Figure out how many lines in the records below hold the string "track". That number alone is the answer.

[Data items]
=== Begin Enclosure ===
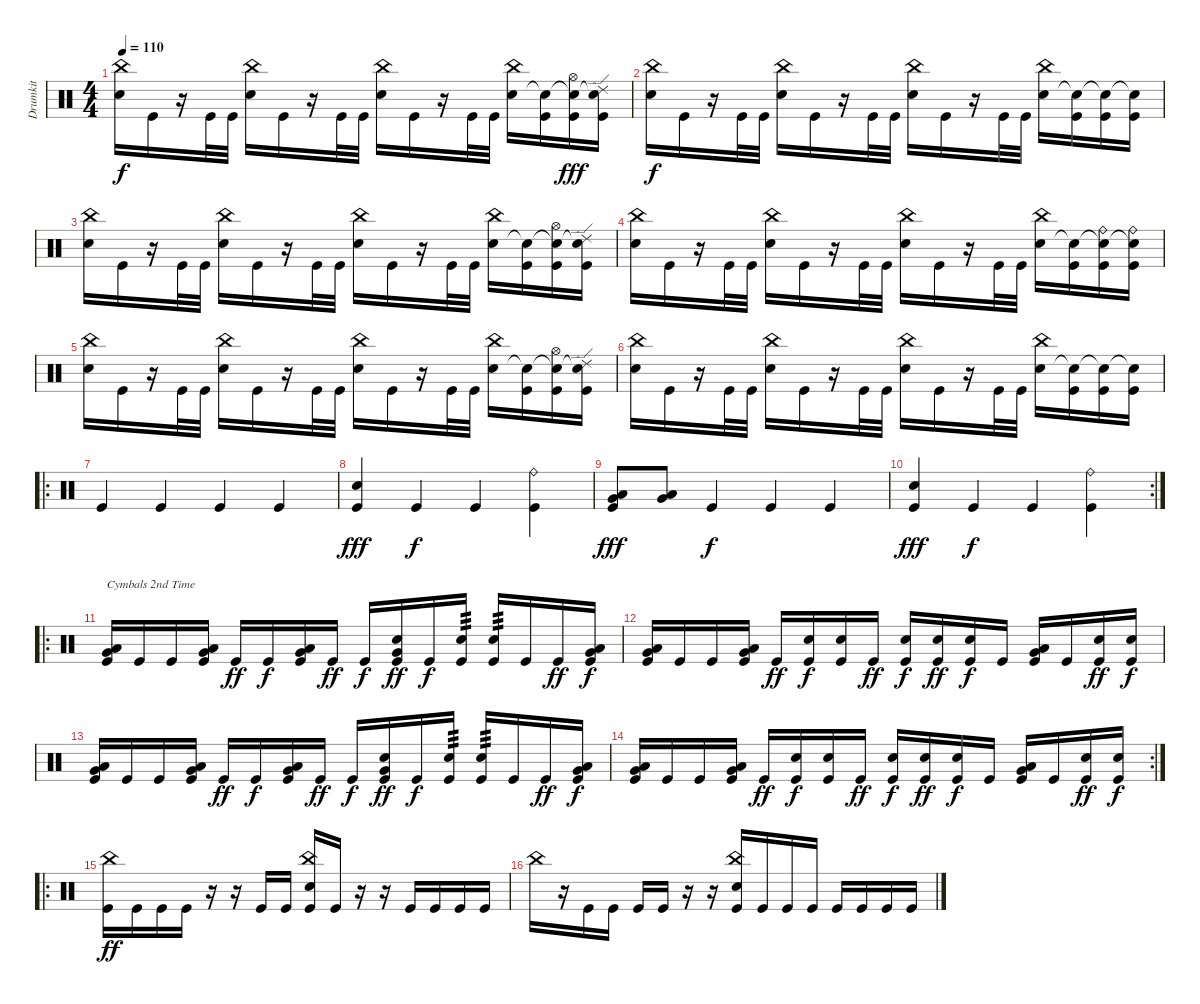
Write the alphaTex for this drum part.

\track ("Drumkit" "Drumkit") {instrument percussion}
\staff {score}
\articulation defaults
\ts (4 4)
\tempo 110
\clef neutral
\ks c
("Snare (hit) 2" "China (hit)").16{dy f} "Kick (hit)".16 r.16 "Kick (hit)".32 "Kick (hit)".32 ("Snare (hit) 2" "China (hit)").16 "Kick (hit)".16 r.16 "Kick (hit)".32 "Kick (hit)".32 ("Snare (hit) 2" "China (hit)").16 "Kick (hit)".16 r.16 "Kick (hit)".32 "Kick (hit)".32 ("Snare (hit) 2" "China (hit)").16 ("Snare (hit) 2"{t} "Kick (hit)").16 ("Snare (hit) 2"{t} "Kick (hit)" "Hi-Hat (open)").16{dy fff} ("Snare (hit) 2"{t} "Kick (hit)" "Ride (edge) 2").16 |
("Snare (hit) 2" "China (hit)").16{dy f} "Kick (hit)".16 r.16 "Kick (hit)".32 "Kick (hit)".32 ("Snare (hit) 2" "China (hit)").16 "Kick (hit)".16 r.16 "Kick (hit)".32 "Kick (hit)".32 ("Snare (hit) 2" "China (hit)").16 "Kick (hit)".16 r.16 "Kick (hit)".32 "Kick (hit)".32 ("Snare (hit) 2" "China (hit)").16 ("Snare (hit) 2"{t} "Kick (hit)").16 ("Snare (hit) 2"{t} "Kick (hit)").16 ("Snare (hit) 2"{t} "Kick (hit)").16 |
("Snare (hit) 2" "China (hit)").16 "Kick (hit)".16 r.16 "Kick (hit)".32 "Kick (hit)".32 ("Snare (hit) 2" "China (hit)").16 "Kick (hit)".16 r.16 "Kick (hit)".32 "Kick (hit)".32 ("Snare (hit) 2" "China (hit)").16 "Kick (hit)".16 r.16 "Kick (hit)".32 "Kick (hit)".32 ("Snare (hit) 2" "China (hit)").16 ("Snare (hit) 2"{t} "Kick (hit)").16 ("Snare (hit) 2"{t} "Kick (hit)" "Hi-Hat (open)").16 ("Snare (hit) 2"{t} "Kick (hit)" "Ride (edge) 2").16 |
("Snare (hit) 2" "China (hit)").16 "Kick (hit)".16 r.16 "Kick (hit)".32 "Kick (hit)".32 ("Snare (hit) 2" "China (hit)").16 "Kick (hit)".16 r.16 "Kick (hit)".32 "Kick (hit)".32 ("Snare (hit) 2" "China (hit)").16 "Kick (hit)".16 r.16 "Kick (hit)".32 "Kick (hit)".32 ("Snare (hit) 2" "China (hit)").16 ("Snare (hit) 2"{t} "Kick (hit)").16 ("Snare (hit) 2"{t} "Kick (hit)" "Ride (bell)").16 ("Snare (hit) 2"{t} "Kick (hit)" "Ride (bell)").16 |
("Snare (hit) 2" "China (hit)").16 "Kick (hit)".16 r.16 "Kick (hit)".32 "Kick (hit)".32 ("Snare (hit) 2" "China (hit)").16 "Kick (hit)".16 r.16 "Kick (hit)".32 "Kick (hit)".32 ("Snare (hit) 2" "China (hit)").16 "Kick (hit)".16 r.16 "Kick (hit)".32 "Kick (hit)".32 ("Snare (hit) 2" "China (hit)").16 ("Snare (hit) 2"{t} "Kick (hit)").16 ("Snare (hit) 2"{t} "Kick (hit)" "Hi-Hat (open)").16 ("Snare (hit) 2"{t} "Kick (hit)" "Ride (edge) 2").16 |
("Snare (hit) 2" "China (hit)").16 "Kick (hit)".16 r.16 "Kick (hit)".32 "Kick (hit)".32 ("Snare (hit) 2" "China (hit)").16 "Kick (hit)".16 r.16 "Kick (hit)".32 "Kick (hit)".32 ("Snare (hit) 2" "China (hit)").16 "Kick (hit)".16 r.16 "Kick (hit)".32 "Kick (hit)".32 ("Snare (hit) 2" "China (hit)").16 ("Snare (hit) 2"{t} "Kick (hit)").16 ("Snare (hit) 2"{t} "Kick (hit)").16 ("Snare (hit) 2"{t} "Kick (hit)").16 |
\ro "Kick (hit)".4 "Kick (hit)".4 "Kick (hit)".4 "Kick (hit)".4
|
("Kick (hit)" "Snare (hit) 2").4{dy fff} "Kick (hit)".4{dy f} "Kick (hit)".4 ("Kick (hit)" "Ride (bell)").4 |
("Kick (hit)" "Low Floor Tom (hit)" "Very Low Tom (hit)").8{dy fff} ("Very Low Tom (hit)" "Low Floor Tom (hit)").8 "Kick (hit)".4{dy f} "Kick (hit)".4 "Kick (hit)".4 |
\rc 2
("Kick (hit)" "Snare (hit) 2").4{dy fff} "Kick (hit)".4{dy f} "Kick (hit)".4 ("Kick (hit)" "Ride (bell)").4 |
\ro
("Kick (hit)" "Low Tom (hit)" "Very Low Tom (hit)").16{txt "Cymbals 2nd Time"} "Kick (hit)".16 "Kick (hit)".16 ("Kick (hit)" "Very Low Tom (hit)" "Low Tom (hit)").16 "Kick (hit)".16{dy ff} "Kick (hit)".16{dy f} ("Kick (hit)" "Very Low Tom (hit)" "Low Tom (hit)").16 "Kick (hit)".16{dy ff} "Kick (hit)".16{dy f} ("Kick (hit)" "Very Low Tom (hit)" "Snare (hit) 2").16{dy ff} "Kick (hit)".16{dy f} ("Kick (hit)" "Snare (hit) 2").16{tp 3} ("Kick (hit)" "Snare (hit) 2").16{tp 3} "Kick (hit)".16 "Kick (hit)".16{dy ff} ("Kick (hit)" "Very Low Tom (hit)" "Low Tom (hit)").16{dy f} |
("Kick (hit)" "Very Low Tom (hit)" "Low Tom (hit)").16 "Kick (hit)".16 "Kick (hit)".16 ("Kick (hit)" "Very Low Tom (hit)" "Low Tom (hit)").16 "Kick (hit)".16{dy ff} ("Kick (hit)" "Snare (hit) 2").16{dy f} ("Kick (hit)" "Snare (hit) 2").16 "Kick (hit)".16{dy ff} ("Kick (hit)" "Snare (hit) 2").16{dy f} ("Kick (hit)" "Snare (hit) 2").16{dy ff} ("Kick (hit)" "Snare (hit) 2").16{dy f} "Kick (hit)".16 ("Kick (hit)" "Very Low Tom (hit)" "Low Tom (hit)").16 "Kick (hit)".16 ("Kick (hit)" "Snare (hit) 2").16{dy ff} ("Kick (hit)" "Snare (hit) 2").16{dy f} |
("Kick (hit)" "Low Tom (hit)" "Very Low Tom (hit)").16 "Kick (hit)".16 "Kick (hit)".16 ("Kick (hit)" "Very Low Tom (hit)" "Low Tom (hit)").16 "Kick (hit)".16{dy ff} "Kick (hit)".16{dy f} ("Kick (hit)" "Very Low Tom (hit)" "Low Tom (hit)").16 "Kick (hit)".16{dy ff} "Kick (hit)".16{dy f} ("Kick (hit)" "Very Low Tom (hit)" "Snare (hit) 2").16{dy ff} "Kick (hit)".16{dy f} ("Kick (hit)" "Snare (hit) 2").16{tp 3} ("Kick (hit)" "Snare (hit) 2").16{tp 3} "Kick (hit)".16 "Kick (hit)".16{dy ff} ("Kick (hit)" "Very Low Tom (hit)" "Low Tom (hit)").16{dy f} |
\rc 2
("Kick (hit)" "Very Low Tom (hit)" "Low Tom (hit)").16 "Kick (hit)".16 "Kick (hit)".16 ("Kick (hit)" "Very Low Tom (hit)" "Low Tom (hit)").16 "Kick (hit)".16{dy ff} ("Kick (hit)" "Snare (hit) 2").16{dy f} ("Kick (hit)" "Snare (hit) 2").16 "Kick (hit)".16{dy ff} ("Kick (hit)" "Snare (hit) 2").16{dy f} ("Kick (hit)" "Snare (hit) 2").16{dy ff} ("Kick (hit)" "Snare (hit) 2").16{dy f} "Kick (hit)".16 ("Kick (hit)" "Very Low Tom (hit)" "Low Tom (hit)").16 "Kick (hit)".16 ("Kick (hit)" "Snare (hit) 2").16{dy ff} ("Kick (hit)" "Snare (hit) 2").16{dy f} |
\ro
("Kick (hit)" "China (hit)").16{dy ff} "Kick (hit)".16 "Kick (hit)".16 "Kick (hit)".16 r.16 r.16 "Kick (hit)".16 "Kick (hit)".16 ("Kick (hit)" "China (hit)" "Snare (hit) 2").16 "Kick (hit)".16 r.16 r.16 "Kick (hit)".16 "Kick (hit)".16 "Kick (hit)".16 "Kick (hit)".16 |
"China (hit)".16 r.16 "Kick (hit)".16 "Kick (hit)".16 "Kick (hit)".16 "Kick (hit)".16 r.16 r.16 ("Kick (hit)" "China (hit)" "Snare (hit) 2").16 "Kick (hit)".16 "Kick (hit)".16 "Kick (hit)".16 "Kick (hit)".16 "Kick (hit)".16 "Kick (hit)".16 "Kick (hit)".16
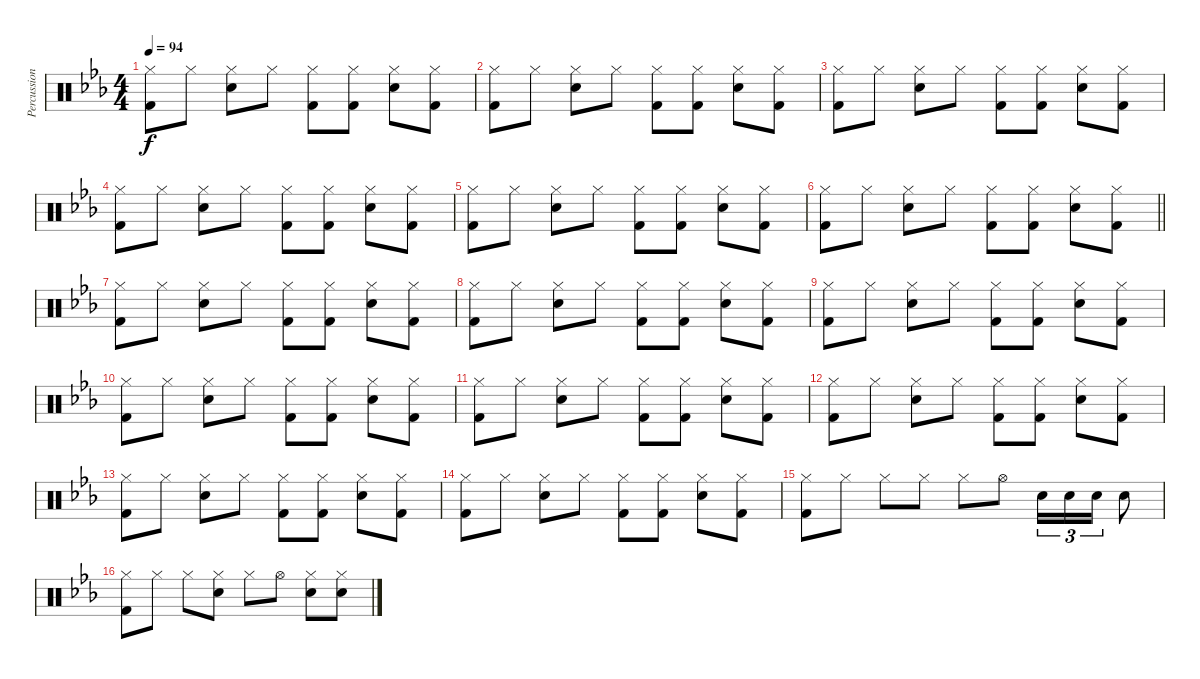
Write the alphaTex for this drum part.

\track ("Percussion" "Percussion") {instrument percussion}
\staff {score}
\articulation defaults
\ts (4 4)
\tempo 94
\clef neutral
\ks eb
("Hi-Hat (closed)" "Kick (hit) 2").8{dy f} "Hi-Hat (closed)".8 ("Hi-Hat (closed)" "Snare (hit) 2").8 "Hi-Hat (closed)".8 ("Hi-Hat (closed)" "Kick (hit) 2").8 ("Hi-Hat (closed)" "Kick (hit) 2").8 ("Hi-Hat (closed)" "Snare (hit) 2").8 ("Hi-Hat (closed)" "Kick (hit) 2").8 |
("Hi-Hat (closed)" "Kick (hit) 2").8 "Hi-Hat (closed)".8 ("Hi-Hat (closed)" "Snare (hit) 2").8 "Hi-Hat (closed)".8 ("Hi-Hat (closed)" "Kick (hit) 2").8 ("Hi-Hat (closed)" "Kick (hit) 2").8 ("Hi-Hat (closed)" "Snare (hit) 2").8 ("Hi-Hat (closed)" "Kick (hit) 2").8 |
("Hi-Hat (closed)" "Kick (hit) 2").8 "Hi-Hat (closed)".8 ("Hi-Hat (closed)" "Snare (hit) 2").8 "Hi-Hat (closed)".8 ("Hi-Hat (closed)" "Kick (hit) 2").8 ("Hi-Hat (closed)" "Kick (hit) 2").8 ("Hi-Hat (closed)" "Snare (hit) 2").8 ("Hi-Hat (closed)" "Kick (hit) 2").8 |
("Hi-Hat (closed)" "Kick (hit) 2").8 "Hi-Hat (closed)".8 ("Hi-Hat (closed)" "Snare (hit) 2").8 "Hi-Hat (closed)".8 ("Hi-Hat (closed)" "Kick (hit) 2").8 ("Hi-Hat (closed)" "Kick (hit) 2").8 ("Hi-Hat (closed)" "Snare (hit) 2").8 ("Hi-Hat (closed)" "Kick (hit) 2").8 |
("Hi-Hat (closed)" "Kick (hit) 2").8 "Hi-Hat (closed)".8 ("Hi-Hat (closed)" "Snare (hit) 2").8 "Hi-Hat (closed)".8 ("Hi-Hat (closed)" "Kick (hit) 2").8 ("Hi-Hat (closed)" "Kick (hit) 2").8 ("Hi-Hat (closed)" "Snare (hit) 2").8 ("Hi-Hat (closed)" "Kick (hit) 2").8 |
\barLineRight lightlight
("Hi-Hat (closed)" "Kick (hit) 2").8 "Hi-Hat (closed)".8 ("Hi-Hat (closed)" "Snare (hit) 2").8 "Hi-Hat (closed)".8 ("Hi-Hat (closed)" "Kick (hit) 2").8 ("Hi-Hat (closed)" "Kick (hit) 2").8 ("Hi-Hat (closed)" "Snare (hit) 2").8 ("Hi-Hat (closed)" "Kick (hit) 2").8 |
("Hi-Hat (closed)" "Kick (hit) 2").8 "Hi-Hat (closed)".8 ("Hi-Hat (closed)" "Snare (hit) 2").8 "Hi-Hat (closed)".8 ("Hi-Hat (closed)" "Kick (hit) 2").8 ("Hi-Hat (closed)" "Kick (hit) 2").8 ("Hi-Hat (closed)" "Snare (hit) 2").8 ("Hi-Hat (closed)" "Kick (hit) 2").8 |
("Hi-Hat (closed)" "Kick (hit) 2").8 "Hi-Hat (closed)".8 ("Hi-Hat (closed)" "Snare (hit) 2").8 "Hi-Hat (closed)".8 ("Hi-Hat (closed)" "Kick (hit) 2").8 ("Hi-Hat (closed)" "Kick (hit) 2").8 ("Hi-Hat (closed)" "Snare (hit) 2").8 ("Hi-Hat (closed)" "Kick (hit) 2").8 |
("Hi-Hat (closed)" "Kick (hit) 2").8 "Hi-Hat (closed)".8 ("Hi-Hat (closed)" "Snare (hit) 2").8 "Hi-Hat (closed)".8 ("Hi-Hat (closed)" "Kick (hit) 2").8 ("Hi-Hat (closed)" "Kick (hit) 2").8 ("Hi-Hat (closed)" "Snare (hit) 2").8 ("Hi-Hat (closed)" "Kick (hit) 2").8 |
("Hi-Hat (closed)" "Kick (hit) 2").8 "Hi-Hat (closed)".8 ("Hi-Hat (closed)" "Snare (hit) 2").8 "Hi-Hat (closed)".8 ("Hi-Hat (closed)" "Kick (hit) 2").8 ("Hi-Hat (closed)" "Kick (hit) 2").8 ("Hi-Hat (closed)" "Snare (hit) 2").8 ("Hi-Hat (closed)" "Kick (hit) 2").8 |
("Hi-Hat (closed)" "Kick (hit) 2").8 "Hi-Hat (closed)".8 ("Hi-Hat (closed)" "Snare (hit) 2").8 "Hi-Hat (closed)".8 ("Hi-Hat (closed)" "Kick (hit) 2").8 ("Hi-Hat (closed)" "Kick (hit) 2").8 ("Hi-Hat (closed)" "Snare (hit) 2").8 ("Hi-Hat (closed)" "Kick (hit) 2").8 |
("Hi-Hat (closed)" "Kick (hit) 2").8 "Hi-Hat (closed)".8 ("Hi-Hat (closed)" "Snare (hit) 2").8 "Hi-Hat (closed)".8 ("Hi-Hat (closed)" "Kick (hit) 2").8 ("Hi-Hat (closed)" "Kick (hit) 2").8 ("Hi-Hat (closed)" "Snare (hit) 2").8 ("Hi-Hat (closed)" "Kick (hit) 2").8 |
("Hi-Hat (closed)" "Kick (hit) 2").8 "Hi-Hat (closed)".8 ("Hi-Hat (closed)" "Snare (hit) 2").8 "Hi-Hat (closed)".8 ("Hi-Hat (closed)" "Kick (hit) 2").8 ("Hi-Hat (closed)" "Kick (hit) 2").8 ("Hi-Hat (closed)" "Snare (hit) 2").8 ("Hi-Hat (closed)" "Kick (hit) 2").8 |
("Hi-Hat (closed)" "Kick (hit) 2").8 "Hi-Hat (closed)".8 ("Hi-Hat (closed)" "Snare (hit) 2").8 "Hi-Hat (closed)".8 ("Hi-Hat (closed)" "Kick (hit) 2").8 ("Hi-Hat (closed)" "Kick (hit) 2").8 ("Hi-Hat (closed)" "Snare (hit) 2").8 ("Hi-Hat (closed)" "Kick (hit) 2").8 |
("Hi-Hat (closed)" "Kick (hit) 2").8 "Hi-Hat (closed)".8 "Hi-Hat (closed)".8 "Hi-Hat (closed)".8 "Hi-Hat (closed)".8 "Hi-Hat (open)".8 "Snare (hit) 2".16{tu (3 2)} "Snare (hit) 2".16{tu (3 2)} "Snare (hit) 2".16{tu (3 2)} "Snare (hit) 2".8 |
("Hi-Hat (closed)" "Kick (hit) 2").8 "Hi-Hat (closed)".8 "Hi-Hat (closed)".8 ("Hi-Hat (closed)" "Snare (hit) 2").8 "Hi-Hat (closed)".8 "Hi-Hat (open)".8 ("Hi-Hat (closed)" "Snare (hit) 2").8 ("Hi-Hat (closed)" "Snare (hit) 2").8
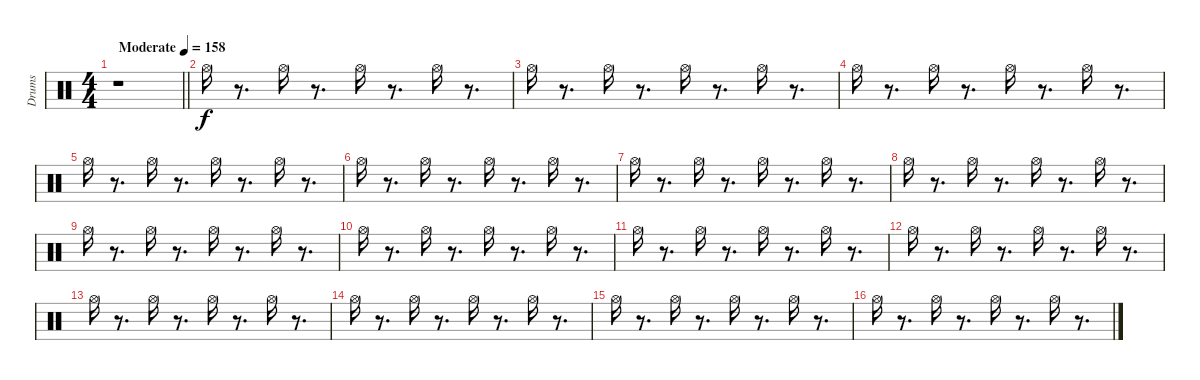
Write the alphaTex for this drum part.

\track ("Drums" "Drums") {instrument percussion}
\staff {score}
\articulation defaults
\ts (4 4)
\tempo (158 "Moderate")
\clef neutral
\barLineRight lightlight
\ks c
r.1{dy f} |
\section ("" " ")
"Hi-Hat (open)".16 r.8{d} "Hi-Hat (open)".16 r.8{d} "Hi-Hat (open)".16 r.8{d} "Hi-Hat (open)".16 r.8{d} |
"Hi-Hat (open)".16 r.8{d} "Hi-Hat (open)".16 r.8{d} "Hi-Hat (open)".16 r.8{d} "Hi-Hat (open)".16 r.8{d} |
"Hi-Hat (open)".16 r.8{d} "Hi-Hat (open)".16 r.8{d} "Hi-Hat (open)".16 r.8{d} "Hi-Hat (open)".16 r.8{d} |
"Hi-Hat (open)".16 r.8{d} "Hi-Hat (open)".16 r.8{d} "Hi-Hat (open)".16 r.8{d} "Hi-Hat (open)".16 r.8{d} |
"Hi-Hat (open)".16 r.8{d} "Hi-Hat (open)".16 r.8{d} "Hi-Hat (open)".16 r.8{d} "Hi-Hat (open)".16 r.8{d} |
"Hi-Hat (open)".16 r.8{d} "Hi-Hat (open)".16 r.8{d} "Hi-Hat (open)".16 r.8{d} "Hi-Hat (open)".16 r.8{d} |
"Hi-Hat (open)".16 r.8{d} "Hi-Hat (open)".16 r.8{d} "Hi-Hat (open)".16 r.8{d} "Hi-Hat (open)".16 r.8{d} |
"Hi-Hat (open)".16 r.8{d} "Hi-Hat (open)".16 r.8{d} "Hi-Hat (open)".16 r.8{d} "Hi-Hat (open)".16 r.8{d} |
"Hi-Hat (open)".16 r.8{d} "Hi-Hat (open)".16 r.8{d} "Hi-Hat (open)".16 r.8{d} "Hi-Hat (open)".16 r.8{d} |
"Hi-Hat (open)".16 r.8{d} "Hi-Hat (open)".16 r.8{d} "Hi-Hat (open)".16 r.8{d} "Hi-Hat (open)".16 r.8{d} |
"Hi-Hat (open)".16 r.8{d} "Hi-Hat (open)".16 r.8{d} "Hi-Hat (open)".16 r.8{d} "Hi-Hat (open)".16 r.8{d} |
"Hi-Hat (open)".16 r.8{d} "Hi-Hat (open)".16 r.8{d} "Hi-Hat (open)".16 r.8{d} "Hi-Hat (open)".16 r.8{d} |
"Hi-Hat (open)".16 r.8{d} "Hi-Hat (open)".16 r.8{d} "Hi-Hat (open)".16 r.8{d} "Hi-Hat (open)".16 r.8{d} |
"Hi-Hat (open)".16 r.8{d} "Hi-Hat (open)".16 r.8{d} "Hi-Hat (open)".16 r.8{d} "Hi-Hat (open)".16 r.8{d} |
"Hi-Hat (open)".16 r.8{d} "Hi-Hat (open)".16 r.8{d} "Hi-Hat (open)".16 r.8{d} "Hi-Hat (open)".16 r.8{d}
=== End Enclosure ===
[Solution] 3